IETF-111 webtrans minutes


minutes-111-webtrans-00 minutes

          # IETF 111 WEBTRANS WG Agenda
          Friday, July 30, 2021
          12:00 - 14:00 Pacific Time
          Session I, Room 1
          Chairs: Bernard Aboba and David Schinazi
          IETF 111 info: https://www.ietf.org/how/meetings/111/
          Meeting URL: https://ws.conf.meetecho.com/conference/?group=webtrans
          Etherpad: https://codimd.ietf.org/notes-ietf-111-webtrans
          Jabber:  https://jabber.ietf.org/jabber/logs/webtrans/2021-07-30.html
          ## Preliminaries, Chairs (10 minutes)
          Minutes: Mike Bishop
          ## W3C WebTransport Update, Will Law (10 minutes)
          There are media protocols looking at going directly over QUIC.
          Why not WebTransport?  Are there API gaps?

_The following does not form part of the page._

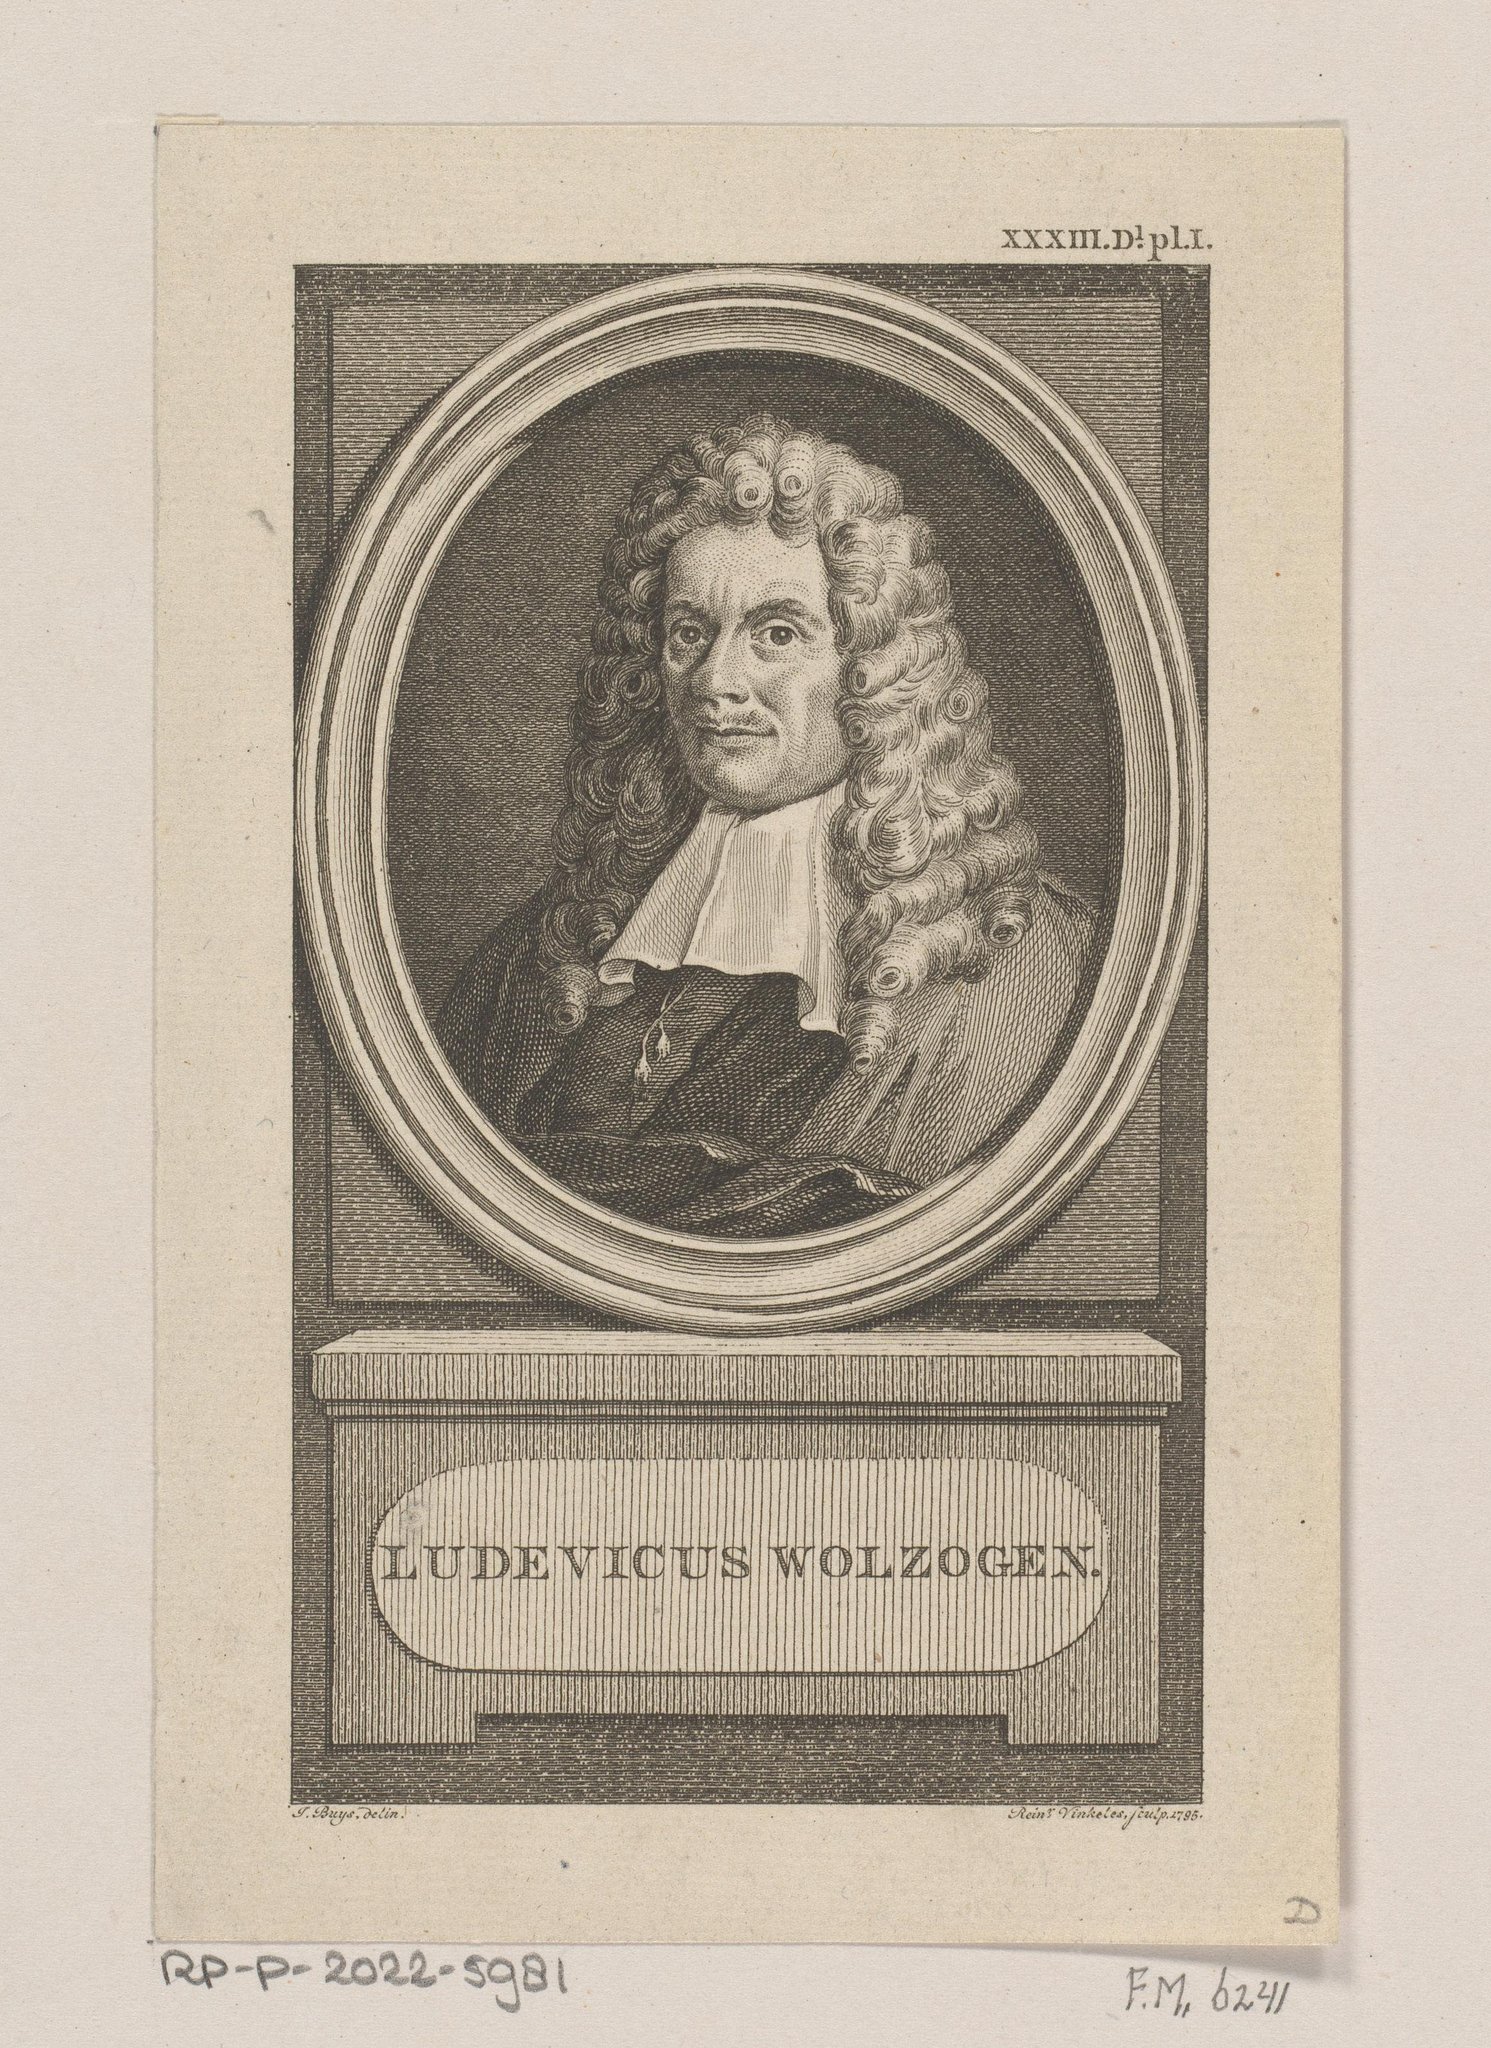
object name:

          Request we resolve:
          - Priorities between streams, datagrams, etc.
          - Error code spaces that should be surfaced
          ## WebTransport over HTTP/3, Victor Vasiliev (40 minutes)
          New -01 draft post-110, notably has type-value (no length) frames and
          no requirement to wait for handshake to complete (requires buffering).
          Martin:  What if people don't want to buffer?
          Victor:  Stream gets closed, would have to restart.
          Issue discussion:
          #10: Need a consistent stream ID across proxies?  Think we decided no,
          but can't find that written down.
          No objection in room.  Speak up in the next week if you object.
          #31: PR#40 should resolve; allocated error code subspace within H2 and
          H3 space. Error code transport is best effort across intermediaries.
          Agreement in room that best effort is sufficient.
          #34: MAX_WT_SESSIONS seems to be the conclusion on the issue.
          Alan:   This is an option, but it seems like the most complex of our
          options. Masque doesn't have this. How critical is it to have a limit?
          Victor: Not critical, but some people want only one session per
          Martin: Resource management can get tricky with multiple sessions on
          the same connection. Should have a limit of some kind. So should Masque.
          Luke:   Using connection-level stats to make decisions about session. We
          currently refuse all extra sessions; would be nice to tell browser
          Alan:   Not necessarily objecting, but this seems similar to H3
          MAX_PUSH_ID. Is this max simultaneously or max ever?
          Luke:   For us, simultaneous. A new one later is fine.
          Alan:   If it's max concurrent, you run into reordering concerns.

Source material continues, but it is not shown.